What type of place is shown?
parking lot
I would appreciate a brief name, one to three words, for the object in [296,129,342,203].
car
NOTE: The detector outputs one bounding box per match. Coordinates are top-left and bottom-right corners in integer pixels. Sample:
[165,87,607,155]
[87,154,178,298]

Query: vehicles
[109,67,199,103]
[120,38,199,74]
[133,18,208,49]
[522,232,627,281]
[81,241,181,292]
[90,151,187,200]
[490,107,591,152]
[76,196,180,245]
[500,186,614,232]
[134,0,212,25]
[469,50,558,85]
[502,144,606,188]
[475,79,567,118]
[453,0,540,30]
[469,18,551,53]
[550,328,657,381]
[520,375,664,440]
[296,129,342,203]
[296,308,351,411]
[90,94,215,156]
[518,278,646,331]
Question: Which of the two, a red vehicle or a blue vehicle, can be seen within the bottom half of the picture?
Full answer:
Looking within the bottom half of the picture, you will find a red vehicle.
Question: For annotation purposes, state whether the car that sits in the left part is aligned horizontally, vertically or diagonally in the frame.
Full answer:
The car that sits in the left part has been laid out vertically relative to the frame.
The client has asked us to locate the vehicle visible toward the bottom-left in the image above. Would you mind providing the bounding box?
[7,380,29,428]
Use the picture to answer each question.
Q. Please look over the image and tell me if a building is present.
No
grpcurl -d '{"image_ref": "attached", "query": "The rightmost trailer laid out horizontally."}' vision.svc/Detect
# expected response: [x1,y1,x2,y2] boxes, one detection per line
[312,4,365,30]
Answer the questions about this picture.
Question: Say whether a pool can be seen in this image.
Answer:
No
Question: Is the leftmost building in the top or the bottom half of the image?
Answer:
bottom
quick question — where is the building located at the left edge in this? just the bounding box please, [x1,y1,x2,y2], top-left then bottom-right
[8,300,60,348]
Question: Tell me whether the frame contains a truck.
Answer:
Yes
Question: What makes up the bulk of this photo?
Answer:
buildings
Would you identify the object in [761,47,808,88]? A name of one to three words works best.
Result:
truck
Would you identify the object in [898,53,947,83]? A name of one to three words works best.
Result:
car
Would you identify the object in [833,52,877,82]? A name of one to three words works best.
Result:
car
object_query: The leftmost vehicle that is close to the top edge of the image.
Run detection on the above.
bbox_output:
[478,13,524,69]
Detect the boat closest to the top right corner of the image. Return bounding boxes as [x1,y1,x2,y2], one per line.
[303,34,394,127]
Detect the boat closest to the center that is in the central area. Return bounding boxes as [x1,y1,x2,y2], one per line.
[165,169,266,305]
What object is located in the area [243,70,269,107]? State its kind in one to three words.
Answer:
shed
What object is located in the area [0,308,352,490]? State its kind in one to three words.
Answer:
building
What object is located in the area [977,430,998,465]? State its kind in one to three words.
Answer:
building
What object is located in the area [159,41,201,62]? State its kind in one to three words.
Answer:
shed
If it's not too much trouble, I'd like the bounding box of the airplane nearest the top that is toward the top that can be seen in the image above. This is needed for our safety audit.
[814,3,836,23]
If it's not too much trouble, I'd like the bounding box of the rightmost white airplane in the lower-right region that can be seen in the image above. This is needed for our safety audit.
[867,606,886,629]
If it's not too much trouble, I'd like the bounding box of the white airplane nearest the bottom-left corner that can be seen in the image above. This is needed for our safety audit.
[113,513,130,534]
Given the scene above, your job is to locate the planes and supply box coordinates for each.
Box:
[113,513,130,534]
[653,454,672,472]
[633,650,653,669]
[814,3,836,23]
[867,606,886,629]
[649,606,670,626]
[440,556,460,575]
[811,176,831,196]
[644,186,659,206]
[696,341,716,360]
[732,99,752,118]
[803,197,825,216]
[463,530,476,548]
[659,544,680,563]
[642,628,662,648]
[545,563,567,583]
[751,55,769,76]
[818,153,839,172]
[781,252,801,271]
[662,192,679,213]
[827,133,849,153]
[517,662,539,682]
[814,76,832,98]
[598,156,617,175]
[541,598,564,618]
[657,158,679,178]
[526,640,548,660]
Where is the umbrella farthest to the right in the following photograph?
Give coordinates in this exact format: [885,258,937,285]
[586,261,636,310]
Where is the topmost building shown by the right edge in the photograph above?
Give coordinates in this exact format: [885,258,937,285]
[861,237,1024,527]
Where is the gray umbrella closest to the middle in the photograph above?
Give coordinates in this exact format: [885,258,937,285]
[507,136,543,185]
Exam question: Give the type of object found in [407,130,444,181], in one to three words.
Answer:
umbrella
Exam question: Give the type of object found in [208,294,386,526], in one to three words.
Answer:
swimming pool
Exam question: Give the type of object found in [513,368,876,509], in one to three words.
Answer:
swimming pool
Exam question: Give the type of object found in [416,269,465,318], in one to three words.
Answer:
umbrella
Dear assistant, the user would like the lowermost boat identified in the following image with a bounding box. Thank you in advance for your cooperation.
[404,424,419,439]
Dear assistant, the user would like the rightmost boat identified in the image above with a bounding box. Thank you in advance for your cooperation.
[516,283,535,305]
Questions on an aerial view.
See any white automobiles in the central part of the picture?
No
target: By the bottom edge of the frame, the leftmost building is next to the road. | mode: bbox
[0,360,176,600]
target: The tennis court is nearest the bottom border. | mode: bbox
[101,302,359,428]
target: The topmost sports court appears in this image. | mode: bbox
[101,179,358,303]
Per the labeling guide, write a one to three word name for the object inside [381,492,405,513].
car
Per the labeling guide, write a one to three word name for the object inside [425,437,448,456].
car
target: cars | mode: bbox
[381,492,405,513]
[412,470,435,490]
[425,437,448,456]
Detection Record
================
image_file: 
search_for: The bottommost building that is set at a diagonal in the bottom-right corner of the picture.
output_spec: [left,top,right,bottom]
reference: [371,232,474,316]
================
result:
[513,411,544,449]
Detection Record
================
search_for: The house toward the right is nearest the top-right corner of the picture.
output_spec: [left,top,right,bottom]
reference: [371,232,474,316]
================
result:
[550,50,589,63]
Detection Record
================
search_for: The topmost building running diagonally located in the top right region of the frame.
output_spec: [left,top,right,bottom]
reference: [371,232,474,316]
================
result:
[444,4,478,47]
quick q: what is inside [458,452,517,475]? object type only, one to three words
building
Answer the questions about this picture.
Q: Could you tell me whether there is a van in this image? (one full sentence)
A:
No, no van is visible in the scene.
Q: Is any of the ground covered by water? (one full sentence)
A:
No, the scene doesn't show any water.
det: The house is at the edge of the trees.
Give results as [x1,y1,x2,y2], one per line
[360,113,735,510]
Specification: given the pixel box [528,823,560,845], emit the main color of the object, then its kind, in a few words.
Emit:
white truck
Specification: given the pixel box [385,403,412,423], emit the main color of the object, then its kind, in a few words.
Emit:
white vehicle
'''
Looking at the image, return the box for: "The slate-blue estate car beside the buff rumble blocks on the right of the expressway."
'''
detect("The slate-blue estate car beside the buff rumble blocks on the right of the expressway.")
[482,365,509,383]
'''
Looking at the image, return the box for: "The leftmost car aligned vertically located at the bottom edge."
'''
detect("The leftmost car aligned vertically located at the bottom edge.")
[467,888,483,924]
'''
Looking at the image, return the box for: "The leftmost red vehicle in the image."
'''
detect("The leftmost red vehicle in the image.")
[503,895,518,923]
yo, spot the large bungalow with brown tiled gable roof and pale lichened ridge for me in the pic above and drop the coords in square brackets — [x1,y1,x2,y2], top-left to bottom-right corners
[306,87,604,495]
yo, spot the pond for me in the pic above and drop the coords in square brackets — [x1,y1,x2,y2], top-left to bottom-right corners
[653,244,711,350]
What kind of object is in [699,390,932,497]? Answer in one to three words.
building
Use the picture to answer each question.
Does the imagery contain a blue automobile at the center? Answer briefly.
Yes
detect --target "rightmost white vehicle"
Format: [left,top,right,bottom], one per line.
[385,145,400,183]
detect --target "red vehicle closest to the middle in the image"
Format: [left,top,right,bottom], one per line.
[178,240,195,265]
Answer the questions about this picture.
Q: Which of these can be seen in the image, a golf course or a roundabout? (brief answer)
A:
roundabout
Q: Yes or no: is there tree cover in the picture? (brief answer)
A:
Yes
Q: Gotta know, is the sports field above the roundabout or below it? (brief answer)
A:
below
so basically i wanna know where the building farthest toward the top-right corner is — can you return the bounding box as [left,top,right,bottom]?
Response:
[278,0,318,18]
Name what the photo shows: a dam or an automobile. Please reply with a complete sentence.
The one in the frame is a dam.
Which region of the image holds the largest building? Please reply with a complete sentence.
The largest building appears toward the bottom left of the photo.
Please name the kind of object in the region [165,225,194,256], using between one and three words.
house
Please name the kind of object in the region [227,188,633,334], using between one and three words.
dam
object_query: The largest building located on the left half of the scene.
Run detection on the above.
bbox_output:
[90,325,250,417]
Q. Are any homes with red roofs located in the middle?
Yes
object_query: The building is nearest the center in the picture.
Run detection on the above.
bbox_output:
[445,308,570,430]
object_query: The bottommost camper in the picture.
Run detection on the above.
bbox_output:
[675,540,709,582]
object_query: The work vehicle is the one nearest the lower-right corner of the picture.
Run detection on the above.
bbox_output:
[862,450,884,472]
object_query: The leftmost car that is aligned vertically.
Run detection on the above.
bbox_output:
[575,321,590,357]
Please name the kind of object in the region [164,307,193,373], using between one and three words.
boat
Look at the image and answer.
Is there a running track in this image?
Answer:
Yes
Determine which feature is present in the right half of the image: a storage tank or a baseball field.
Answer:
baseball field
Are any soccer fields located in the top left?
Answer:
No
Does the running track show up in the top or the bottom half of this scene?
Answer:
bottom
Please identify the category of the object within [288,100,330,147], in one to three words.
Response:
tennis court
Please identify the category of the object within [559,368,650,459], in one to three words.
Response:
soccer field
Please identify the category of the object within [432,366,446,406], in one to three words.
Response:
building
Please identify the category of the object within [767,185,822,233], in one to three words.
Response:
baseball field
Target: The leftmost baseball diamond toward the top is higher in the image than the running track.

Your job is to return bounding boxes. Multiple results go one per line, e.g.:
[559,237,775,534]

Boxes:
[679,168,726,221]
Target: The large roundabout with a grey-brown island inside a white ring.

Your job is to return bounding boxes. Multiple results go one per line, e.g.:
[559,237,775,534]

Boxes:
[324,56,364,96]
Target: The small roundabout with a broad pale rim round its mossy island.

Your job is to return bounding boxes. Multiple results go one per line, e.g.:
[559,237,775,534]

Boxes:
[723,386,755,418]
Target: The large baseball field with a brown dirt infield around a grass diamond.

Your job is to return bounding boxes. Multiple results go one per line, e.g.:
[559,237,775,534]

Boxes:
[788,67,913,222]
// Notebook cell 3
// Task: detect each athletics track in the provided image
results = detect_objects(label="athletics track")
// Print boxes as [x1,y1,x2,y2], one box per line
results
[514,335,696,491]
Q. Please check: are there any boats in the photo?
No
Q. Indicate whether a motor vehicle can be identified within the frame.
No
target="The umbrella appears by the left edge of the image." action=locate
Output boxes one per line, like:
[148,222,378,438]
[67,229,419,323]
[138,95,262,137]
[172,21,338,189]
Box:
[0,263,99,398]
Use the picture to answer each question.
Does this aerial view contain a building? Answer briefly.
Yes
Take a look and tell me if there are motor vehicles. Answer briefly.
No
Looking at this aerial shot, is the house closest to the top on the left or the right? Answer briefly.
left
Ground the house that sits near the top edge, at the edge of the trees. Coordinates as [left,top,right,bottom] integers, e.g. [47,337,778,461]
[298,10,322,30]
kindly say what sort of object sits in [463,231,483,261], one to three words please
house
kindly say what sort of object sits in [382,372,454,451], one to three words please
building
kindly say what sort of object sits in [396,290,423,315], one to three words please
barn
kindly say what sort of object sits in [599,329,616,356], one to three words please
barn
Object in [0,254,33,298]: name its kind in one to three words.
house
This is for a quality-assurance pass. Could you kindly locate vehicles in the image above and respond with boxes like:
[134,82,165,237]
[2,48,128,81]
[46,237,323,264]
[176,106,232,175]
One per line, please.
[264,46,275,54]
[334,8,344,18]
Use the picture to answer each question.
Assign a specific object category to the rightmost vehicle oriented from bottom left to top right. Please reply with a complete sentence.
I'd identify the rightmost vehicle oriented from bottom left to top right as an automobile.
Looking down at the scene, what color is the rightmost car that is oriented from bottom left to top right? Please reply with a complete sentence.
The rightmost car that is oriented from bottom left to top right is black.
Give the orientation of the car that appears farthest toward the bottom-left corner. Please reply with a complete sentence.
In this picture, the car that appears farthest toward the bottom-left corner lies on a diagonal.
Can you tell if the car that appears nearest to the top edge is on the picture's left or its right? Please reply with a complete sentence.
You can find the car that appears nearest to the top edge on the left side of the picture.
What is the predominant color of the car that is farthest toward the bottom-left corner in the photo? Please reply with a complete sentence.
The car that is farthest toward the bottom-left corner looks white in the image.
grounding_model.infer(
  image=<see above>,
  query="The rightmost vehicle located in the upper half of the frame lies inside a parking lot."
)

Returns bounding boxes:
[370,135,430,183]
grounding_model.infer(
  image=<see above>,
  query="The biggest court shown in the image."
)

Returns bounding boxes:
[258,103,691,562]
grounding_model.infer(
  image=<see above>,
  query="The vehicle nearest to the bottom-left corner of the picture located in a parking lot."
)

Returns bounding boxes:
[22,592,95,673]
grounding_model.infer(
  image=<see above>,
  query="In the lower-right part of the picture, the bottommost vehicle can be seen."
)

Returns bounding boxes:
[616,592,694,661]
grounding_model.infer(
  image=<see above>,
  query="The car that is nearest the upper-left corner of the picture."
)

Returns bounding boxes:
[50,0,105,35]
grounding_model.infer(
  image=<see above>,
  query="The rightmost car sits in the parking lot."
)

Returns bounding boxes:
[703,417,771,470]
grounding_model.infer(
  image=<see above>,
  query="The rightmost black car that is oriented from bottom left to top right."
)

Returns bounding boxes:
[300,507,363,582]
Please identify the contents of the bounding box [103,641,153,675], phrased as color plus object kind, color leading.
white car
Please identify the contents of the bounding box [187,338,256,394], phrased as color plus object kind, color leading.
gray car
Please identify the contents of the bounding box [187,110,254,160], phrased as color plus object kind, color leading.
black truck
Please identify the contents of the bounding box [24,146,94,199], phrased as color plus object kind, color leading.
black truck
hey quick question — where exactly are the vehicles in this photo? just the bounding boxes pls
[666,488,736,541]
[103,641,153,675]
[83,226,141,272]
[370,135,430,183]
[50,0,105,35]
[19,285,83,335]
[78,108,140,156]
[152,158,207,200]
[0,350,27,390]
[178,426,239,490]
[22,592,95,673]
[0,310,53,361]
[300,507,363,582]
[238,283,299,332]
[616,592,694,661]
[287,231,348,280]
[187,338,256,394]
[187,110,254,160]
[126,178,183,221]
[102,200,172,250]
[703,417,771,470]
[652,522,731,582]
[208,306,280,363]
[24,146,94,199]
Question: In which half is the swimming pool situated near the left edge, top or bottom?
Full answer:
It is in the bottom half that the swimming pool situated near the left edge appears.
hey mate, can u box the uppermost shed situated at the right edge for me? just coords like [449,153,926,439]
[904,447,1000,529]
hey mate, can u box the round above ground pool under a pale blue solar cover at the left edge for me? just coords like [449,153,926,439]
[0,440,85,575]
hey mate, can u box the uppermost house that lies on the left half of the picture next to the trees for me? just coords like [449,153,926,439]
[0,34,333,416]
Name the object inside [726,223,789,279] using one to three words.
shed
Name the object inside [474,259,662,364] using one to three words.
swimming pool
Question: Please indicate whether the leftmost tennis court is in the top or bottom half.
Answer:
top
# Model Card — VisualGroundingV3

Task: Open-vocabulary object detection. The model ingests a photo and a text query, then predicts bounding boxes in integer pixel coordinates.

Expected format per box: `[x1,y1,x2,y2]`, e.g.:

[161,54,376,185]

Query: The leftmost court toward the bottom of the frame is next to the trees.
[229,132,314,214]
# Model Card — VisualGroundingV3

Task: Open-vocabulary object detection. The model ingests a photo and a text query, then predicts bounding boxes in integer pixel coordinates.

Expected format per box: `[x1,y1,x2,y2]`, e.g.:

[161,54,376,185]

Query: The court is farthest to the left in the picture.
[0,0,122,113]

= Exercise =
When you reach the line holding "I would appreciate" in the records above, begin reproducing exactly, stop after the line holding "Question: Which of", and output nothing else.

= Answer to this exercise =
I would appreciate a brief name, one to three words, for the object in [296,129,342,203].
car
NOTE: The detector outputs one bounding box per match. Coordinates are top-left and bottom-right corners in integer pixels. Sample:
[165,87,607,155]
[87,154,178,298]

Query: vehicles
[109,67,199,103]
[120,38,199,74]
[133,18,208,49]
[522,232,627,281]
[81,241,181,292]
[90,151,187,200]
[490,107,591,152]
[76,196,180,245]
[500,186,614,232]
[134,0,212,25]
[469,50,558,85]
[502,144,606,188]
[475,79,567,118]
[453,0,540,30]
[469,18,551,53]
[550,328,657,381]
[520,375,664,440]
[296,129,342,203]
[296,308,351,411]
[90,94,215,156]
[518,278,646,331]
Question: Which of the two, a red vehicle or a blue vehicle, can be seen within the bottom half of the picture?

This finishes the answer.